Extracted records
......

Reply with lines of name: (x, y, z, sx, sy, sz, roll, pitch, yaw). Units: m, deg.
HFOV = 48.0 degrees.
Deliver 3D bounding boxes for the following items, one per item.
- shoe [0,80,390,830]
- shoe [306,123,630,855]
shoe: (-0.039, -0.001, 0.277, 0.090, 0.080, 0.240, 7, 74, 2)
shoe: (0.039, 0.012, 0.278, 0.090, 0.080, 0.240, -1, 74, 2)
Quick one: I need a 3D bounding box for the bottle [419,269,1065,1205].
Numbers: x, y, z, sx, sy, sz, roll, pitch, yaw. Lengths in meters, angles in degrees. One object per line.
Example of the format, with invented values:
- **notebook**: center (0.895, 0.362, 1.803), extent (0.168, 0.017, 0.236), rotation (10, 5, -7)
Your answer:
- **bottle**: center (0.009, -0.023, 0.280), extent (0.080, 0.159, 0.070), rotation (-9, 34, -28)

......

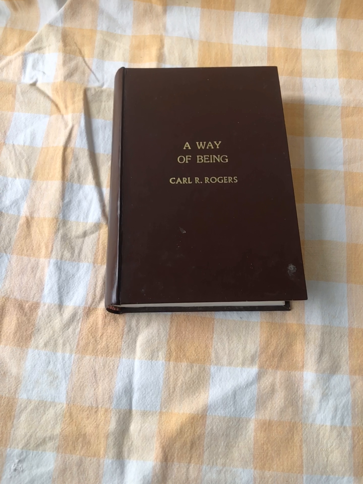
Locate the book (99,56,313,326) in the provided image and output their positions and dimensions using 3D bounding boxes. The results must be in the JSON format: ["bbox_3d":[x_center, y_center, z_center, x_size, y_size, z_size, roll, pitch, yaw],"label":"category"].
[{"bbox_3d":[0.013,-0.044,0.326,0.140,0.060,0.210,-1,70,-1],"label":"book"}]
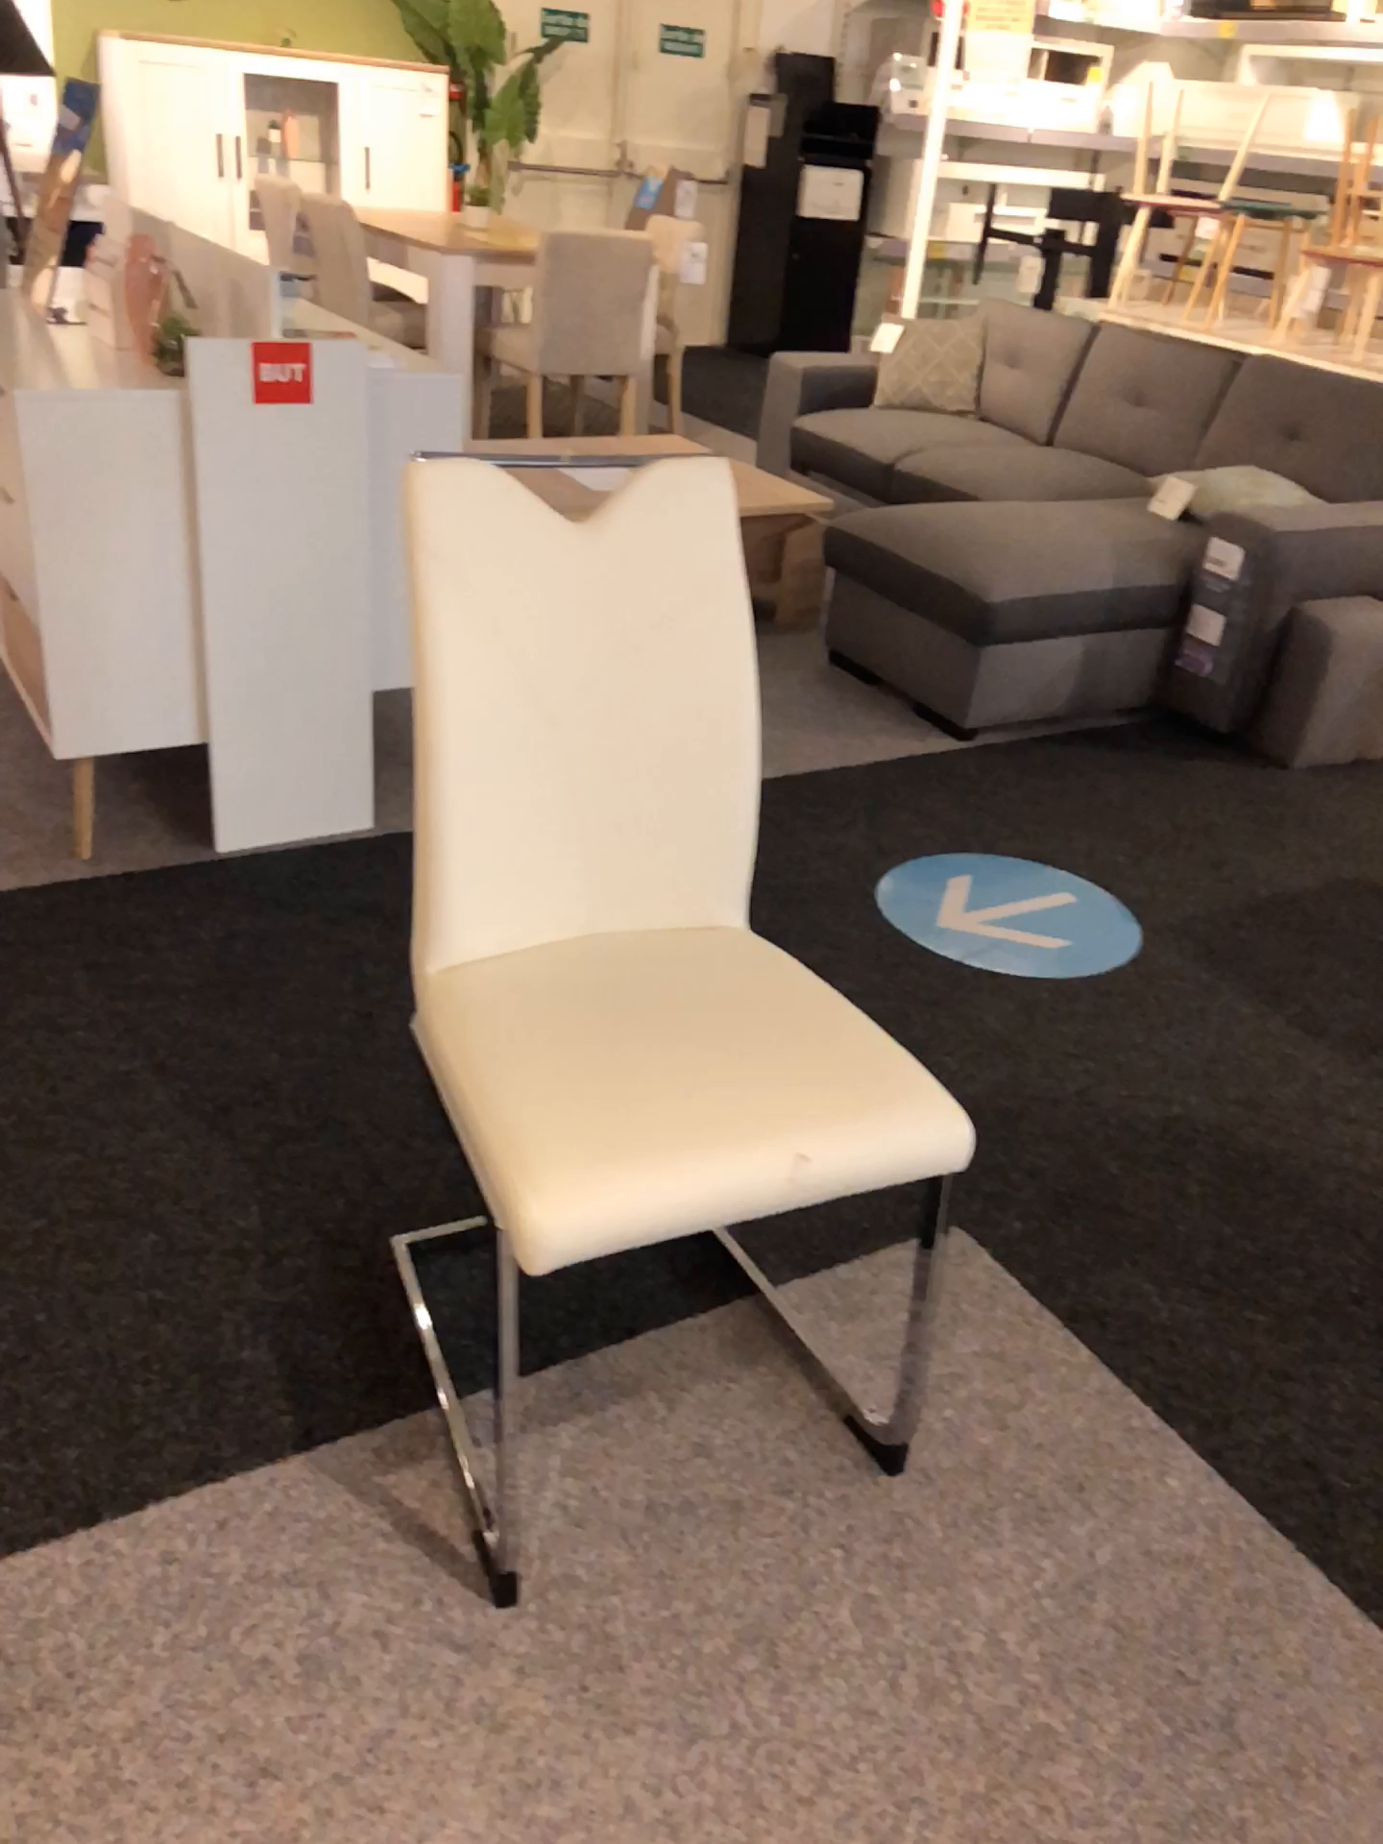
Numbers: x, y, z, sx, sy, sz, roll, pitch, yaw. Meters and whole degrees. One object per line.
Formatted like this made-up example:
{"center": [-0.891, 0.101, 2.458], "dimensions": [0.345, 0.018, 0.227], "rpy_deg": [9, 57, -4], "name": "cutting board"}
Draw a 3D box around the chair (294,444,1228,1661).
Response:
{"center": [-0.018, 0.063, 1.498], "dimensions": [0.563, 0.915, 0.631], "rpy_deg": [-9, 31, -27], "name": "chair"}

......

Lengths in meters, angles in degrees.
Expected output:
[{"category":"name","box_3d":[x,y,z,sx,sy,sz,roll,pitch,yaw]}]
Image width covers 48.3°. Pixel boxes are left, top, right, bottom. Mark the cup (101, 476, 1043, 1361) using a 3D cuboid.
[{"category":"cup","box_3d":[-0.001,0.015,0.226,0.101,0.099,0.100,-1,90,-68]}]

......

:: Task instructions ::
The answer must consist of every line in the records above that contains the word "with".

:: Solution for this problem ::
Reply with lines of name: (x, y, z, sx, sy, sz, roll, pitch, yaw). Units: m, deg.
Example of the format, with invented values:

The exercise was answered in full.